Тут уж Кейт вынуждена была взглянуть на него, что она со злостью и сделала. А злило ее многое: злило его упорство, злило то, что он продолжает сидеть, тогда как она стоит перед ним, а больше всего злило то, что она злится. И все-таки она первая опустила глаза. Молчание.
– Какой прекрасный вечер, – сказал Джейми.
– Наверное, дождь пойдет. – В тоне Кейт звучала досада.
– Может быть, может быть. Хороший дождичек не помешает.
Пауза.
– Вы меня затем и задерживаете, чтобы говорить о погоде? – Однако с места Кейт не трогалась.
Только сейчас я впервые заметил – когда она стояла передо мной в полутьме, храбро выставив вперед ногу, засунув в карманы крепко сжатые руки, нахмурив некрасивое лицо, словно собиралась драться, – какая она вся ладная, сильная, какие у нее красивые ноги, какие тонкие лодыжки. Возможно, что и Джейми заметил это. Он задумчиво сыграл несколько тактов и снова встряхнул гармошку.
– Я как раз подумал, что в такой замечательный вечер неплохо бы прогуляться.

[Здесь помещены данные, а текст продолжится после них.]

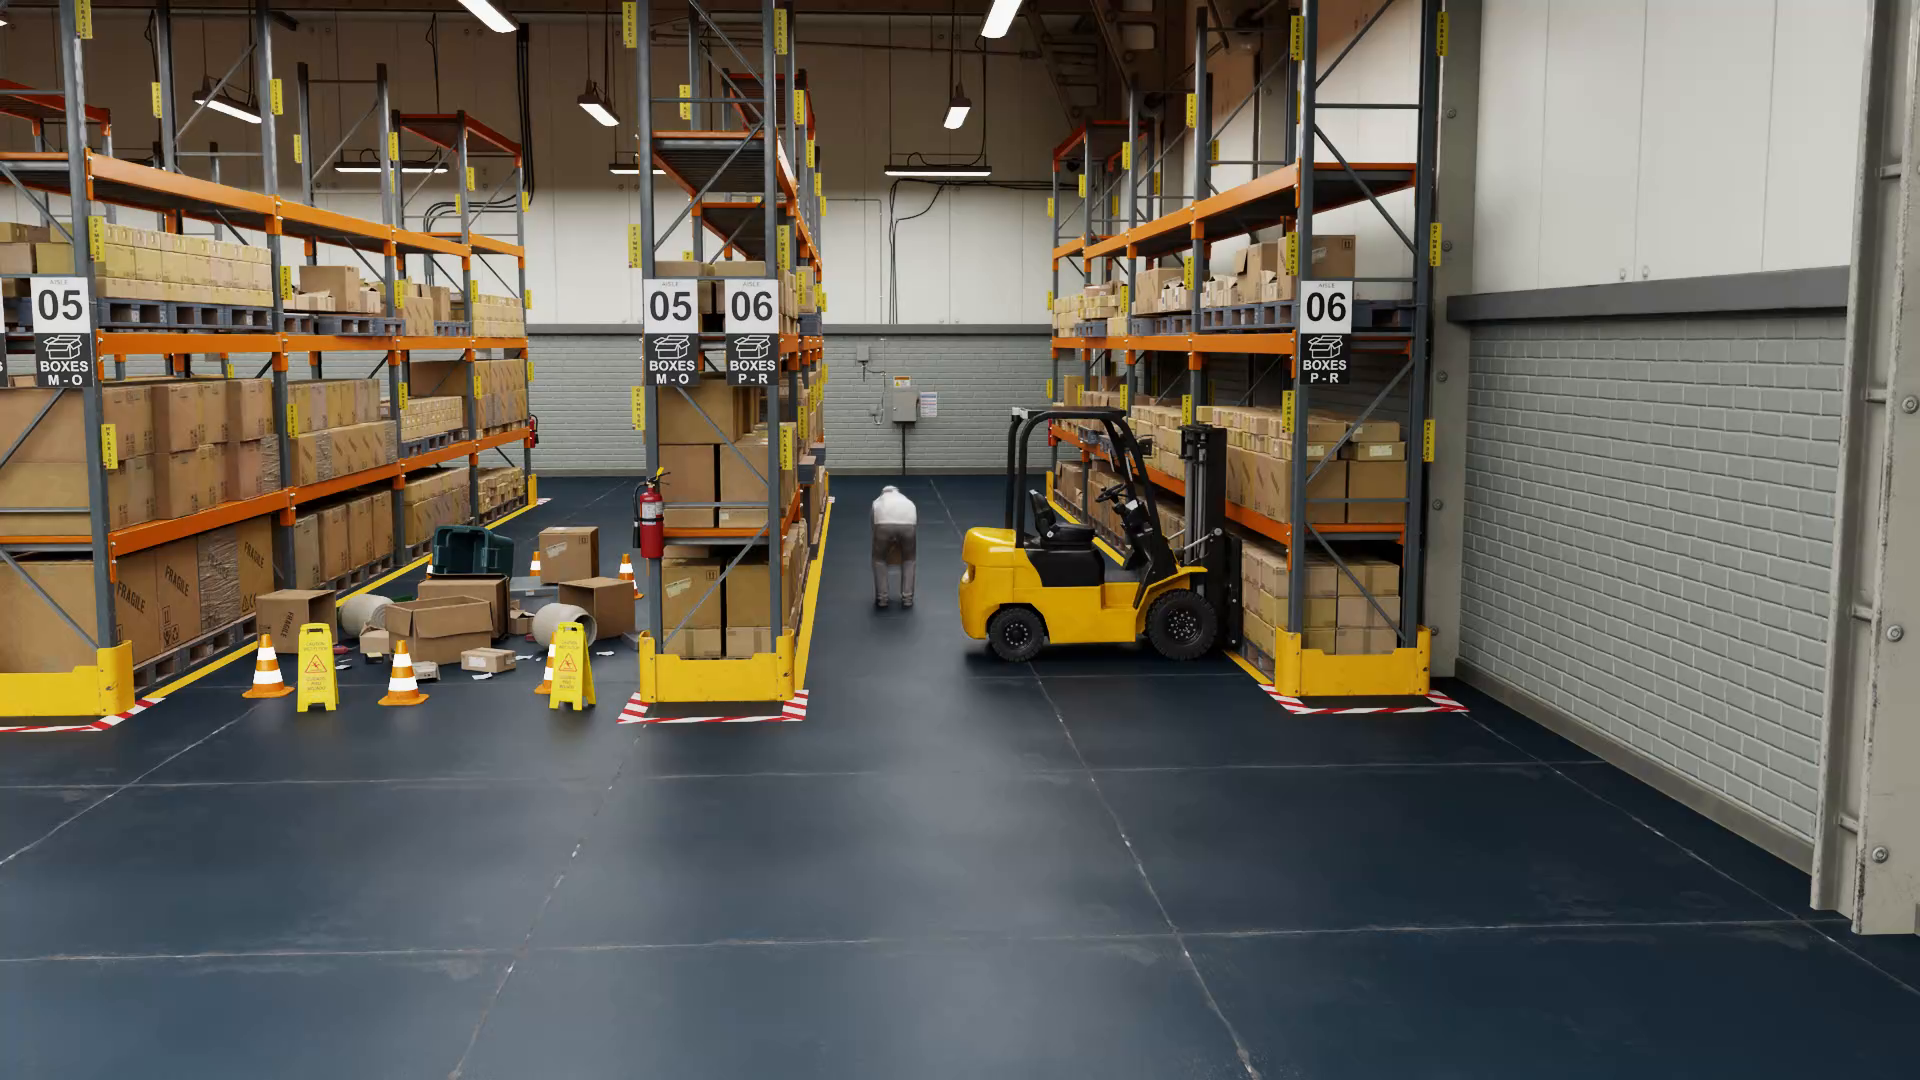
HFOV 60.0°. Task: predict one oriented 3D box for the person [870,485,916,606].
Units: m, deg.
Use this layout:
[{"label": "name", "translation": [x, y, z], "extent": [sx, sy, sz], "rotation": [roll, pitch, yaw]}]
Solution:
[{"label": "person", "translation": [-0.711, 0.055, 17.594], "extent": [0.459, 1.202, 0.995], "rotation": [-1, 7, -6]}]

– В самом деле?! А куда же вы хотели бы пойти, разрешите спросить?
– Да куда угодно, мне все равно.
– Спасибо, вот спасибо за приглашение. – Кейт сухо мотнула головой. – Приятно, нечего сказать. Ну а я иду сейчас в гости к моей подруге мисс Юинг. – И она шагнула, собираясь уйти.
– Это мне по дороге, – заметил Джейми, поднимаясь со своего места и отряхиваясь. – Я пройдусь с вами до ее калитки.
Растерявшись, Кейт не нашла, что возразить. Щеки ее по-прежнему пылали, по всему было видно, что она возмущена. И все-таки, как ни странно, я чувствовал, что ей не так уж неприятно идти с ним, правда шли они на некотором расстоянии друг от друга. Сгущавшаяся темнота милосердно скрывала ноги Джейми.
Я постоял, наслаждаясь тишиной и чудесным прохладным воздухом, глотнул его в последний раз и, точно за мной кто гнался, со всех ног кинулся в дом и принялся вынимать на кухне книги из своего залатанного ранца.
Мэрдок уже сидел, озабоченно склонившись над книгами; страницы он переворачивал редко, зато обильно посыпал их перхотью. Я частенько сомневался, действительно ли Мэрдок занимается: его познания как-то ни в чем не проявлялись, а раз или два я заметил, что он прячет среди учебников каталог семян – доказательство его тайной страсти ко всему, что связано с садоводством. Он то и дело отрывается от учебников, вскакивает, начинает громко рыгать (хотя желудок у него работает, как у страуса, все почему-то уверены, что он героически переносит «воспаление желчного пузыря») либо подойдет к зеркалу и выдавит несколько угрей из подбородка или выйдет в садик и бродит там, словно неприкаянная душа. Иногда он, сам того не сознавая, приоткрывает мне свои мысли:
– А ты знаешь, что в Голландии тюльпаны разводят не на грядках, а в полях? Подумать только! Целые мили тюльпанов!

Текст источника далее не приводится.